This message is a reply to:
 Message 611 by Taq, posted 03-20-2023 10:56 AM Taq has not replied

  
Kleinman
Member (Idle past 335 days)
Posts: 2142
From: United States
Joined: 10-06-2016


Message 614 of 1104 (908763)
03-20-2023 11:51 AM
Reply to: Message 612 by Taq
03-20-2023 10:57 AM


Re: problems with detecting design
Kleinman:
Tell us more about how a germ cell line can get 200,000 retroviral infections without killing that line.
Taq:
The same way you survive with 200,000 retroviral insertions in your genome. These insertions are a fact.

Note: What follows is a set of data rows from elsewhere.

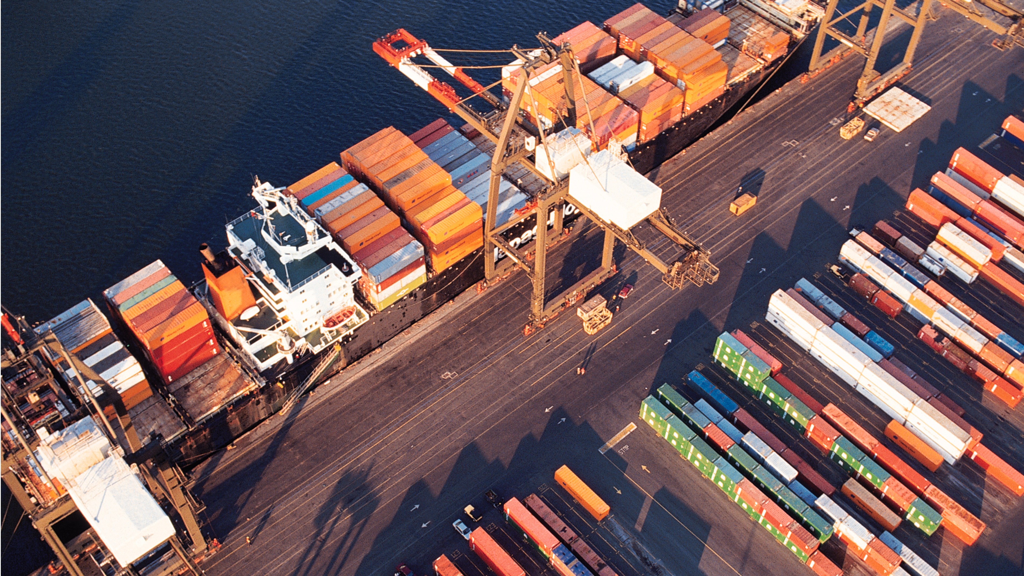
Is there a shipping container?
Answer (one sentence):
Yes, you can see a shipping container in this photo.
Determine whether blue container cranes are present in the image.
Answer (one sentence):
No, I can see no blue container crane in this picture.
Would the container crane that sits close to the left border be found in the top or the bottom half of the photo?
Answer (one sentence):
It is in the bottom half that the container crane that sits close to the left border appears.
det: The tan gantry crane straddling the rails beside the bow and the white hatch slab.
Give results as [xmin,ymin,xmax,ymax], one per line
[794,0,1024,118]
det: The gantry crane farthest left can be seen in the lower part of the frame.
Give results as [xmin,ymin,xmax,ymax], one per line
[0,290,224,576]
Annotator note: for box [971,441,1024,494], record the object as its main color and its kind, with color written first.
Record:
red shipping container
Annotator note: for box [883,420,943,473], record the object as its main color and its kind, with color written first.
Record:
orange shipping container
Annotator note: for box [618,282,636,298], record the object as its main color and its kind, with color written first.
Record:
red car
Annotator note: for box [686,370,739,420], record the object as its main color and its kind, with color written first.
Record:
blue shipping container
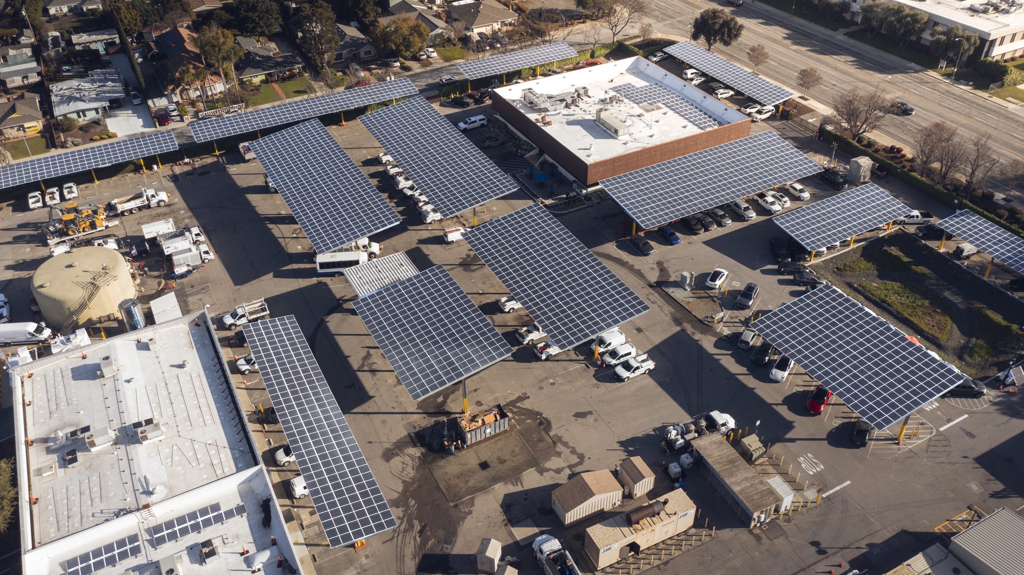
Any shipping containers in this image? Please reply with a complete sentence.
Yes, the picture does show a shipping container.
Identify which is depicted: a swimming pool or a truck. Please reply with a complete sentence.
Visible in the photo is a truck.
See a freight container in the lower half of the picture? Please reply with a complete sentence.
Yes, a freight container can be seen in the lower half of the picture.
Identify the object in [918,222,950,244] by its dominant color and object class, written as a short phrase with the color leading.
black truck
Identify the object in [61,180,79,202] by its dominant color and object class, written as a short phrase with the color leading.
white vehicle
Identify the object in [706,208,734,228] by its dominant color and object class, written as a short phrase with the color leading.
gray car
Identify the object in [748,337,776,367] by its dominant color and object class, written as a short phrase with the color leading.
black car
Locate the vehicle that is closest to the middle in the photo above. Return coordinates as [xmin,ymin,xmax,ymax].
[490,294,523,317]
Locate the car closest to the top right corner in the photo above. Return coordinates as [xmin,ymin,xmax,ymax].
[890,102,916,116]
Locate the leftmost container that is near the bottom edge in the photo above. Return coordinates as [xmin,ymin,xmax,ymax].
[586,486,697,572]
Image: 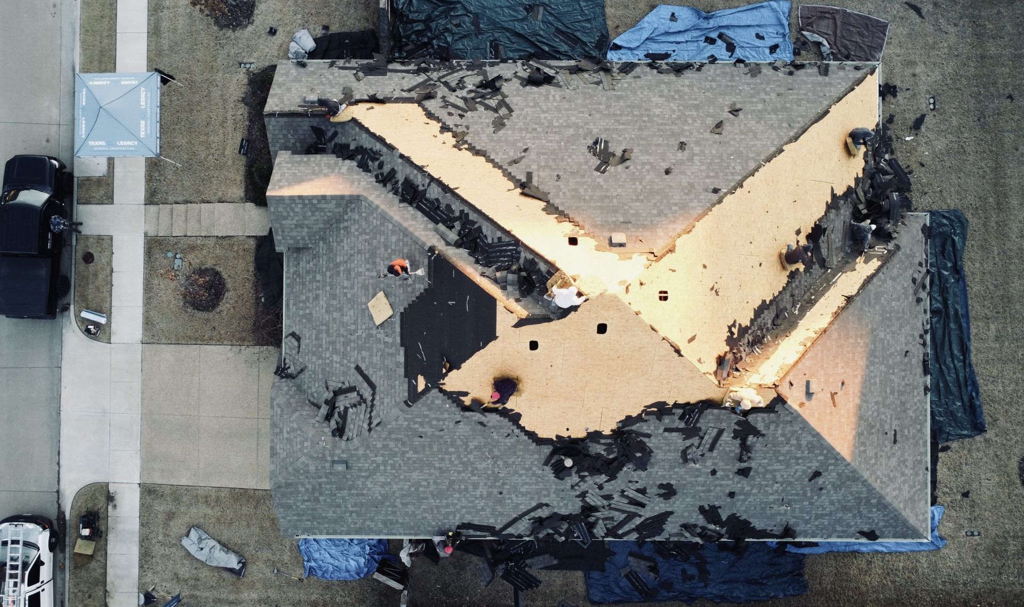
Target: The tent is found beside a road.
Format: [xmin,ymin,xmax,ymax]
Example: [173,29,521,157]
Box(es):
[75,69,186,168]
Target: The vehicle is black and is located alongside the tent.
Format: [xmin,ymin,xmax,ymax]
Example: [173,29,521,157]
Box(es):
[0,152,77,319]
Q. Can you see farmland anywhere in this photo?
No
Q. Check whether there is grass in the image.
Yes
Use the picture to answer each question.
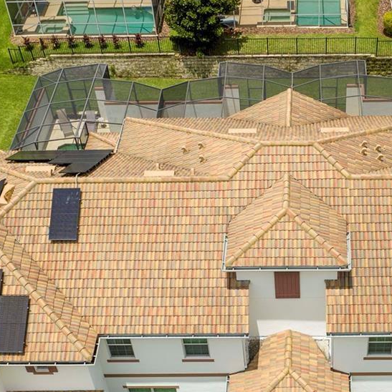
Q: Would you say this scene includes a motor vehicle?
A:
No
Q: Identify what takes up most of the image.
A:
buildings
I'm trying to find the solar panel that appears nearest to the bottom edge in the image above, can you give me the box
[0,296,28,352]
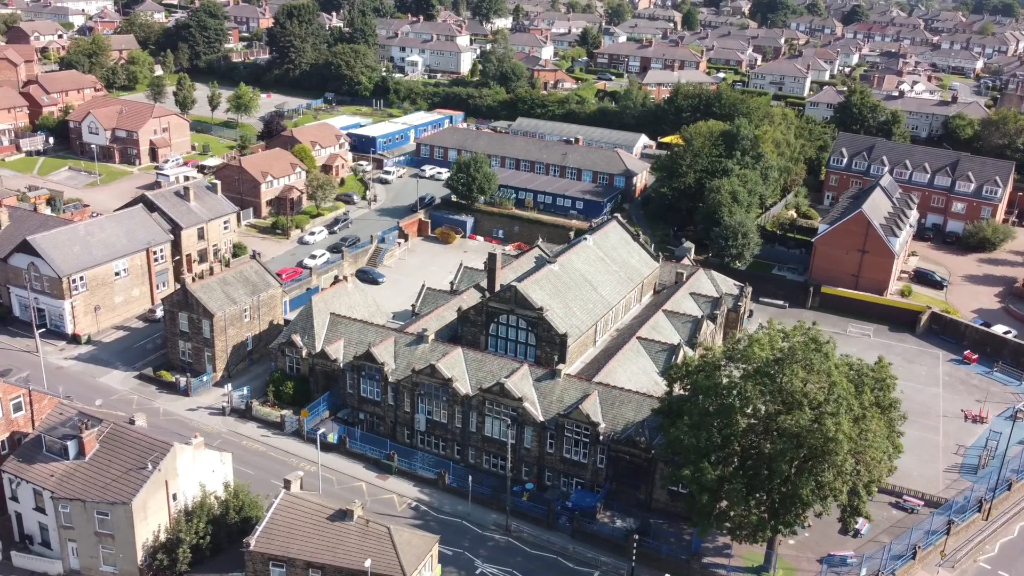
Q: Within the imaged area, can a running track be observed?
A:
No
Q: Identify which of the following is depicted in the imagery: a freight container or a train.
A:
freight container
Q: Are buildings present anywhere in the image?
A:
Yes
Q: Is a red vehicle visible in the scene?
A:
Yes
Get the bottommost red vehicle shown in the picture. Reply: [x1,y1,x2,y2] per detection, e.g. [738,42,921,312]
[271,263,307,281]
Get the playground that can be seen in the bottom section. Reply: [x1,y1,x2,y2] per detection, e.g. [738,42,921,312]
[716,305,1024,576]
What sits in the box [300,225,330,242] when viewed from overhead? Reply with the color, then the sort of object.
white car
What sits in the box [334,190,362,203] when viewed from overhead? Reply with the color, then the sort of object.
gray vehicle
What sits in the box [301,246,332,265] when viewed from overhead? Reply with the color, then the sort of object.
white car
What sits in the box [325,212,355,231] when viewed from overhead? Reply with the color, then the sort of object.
gray car
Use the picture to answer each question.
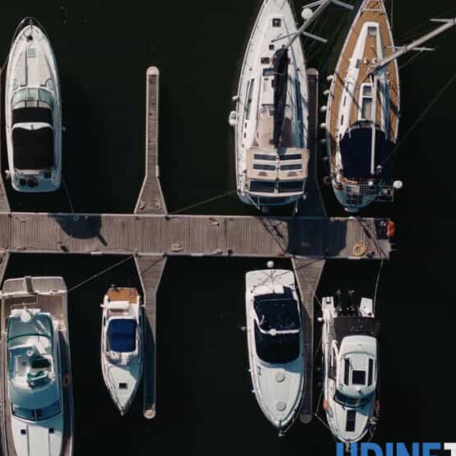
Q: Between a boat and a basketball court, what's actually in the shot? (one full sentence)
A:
Visible in the photo is a boat.
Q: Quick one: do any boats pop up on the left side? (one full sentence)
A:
Yes, a boat appears on the left side.
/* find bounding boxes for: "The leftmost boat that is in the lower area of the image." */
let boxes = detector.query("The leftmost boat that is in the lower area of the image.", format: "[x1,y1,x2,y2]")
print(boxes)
[0,275,74,456]
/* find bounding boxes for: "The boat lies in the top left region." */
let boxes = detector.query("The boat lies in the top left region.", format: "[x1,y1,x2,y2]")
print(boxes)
[5,18,62,193]
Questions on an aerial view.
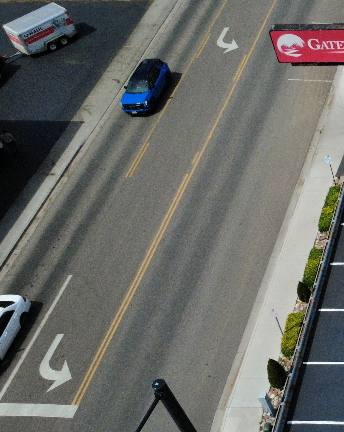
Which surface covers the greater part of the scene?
paved ground
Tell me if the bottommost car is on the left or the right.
left
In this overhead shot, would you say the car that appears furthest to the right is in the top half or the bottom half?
top
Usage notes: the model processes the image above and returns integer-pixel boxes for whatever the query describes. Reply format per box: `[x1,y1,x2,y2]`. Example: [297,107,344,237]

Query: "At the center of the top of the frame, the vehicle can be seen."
[117,61,169,113]
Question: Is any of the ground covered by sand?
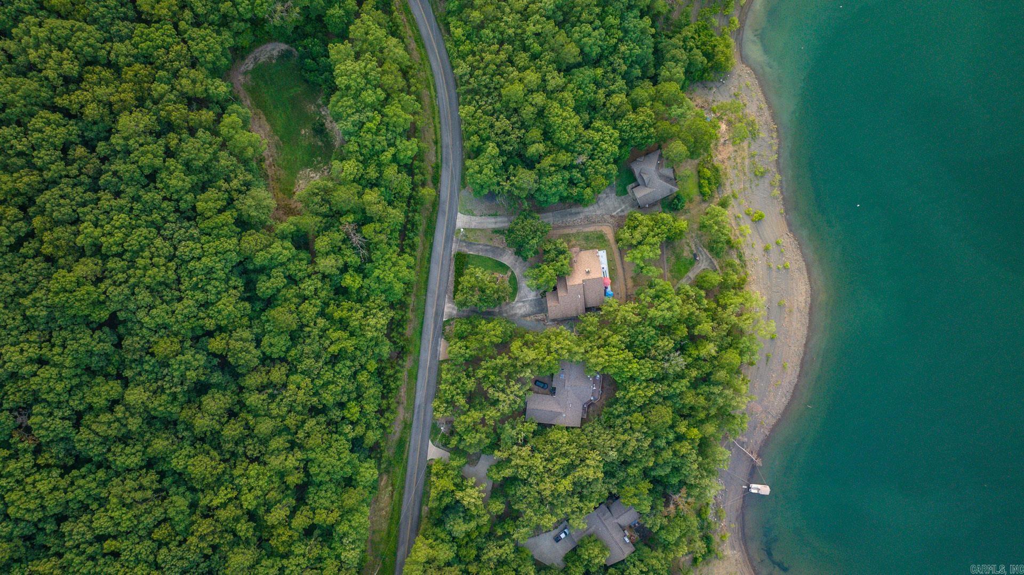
Yes
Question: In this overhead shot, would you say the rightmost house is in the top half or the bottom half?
top
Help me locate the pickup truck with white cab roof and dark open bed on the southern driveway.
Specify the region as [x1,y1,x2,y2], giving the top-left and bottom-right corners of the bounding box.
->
[553,528,571,545]
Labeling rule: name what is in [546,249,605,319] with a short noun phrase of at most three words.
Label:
house
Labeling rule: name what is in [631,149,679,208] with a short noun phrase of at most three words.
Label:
house
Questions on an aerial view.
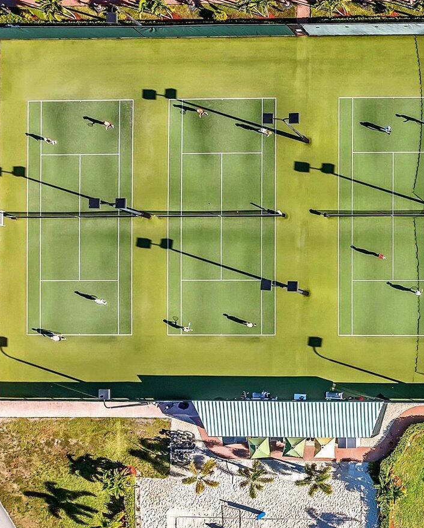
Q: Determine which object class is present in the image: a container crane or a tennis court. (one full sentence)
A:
Looking from above, you can make out a tennis court.
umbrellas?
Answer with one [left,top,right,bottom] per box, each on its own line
[286,437,307,458]
[250,437,271,458]
[315,437,336,457]
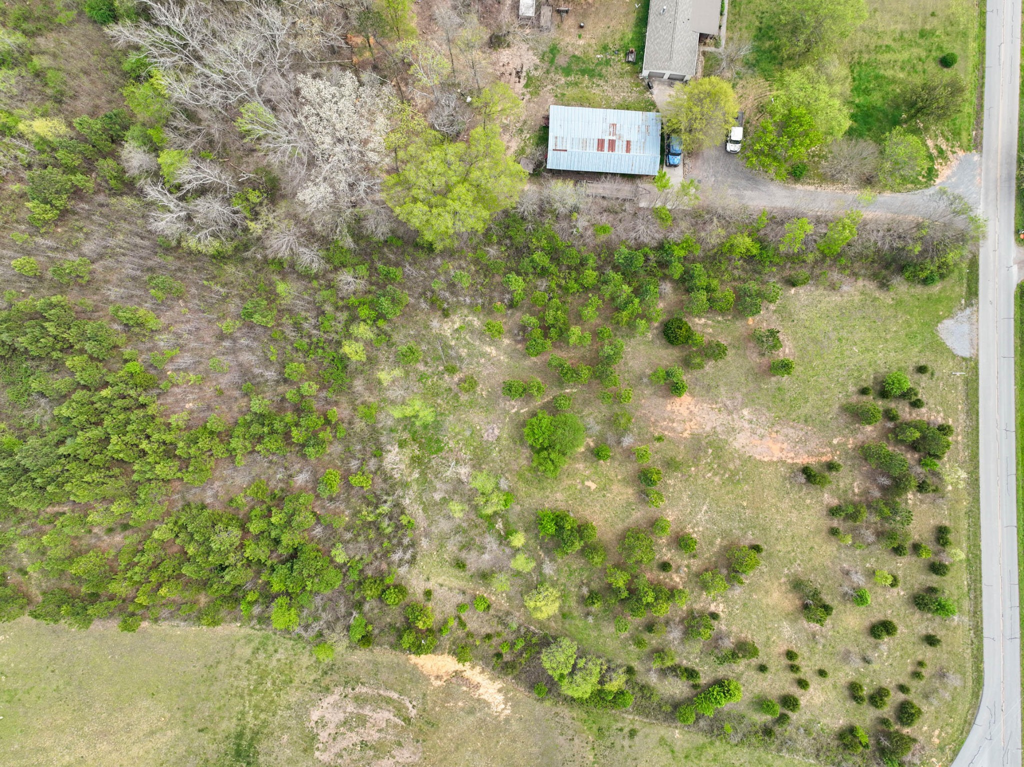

I'm very surprised by you when you make this claim. Are you really a virologist? Aren't you aware of what HIV does to an untreated person with this infection? And your own link about koalas and the retroviral infection these animals have may drive them to extinction. Yet you seem to think that a lineage can get 200,000 of these infections when a single infection has such great lethality. I think you are having trouble recognizing what a fact is and what a misinterpretation of data is because this is a gross misinterpretation of the data by you.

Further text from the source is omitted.